The library my dad wrote (lol) for the PDP-11 is probably full of undefined behaviour and won't work now that optimizers are using any gap in the standard to miscompile code.

> using any gap in the standard to miscompile code

For code to be miscompiled, there has to be a definition of what correctly compiling it would mean, and if there were, it would not be undefined behavior.

  • Instead of "miscompiled" you can read "Doesn't do what it did on the PDP-11 with the compilers of the time".

  • Yeah, but if that definition is constantly shifting, you cannot expect it to work with existing codebases.

    • Well yeah — therein lies the problem with a language with pervasive undefined behavior.

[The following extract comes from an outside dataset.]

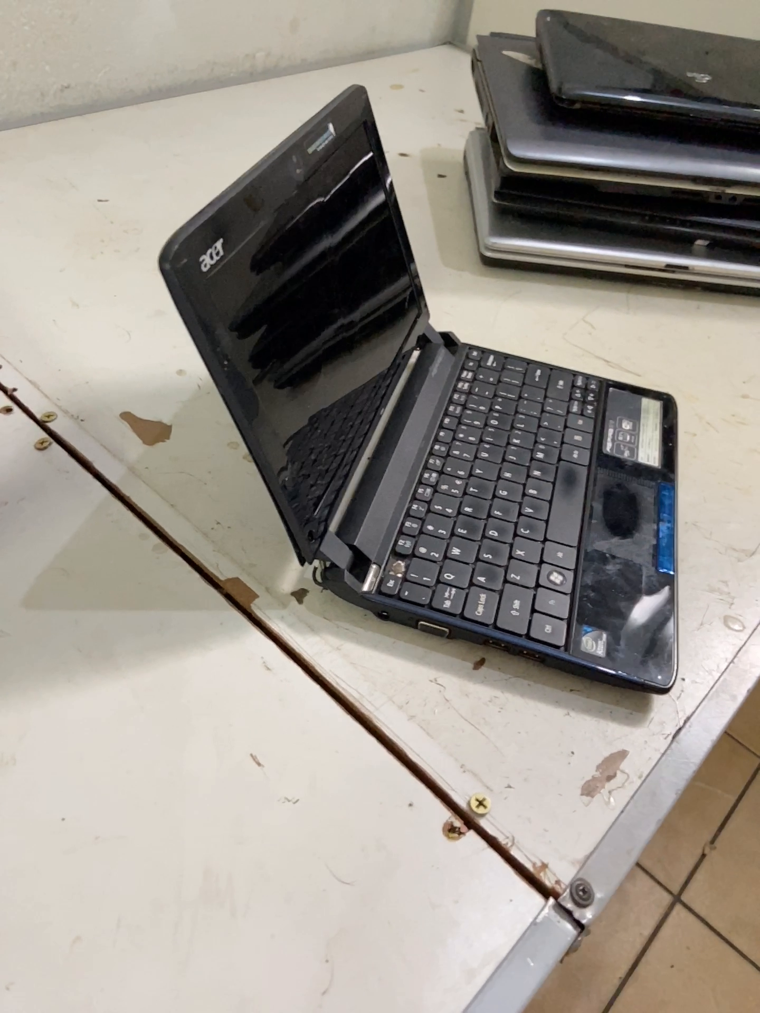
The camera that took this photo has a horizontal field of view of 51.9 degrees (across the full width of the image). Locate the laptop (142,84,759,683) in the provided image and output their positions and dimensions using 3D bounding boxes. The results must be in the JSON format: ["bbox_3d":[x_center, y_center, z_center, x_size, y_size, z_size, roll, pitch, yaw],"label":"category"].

  • The standard doesn't do that often, but it does sometimes. E.g. realloc to null which was previously defined, and is now UB :(

    • We are taking about code written before the standard so every bit of UB in the standard is in play here.

      Eg the fact that overflowing a signed int can cause the compiler to go amuck would certainly be a surprise to the person who wrote code for the PDP-11.

What a useless and jaded assumption that code written in the past is bad.

  • The assumption being made here is "any useful C program relies on undefined behavior" which is pretty much true.

  • I certainly didn't say it was bad. Just that it went outside the boundaries of a standard that was written 25 years later.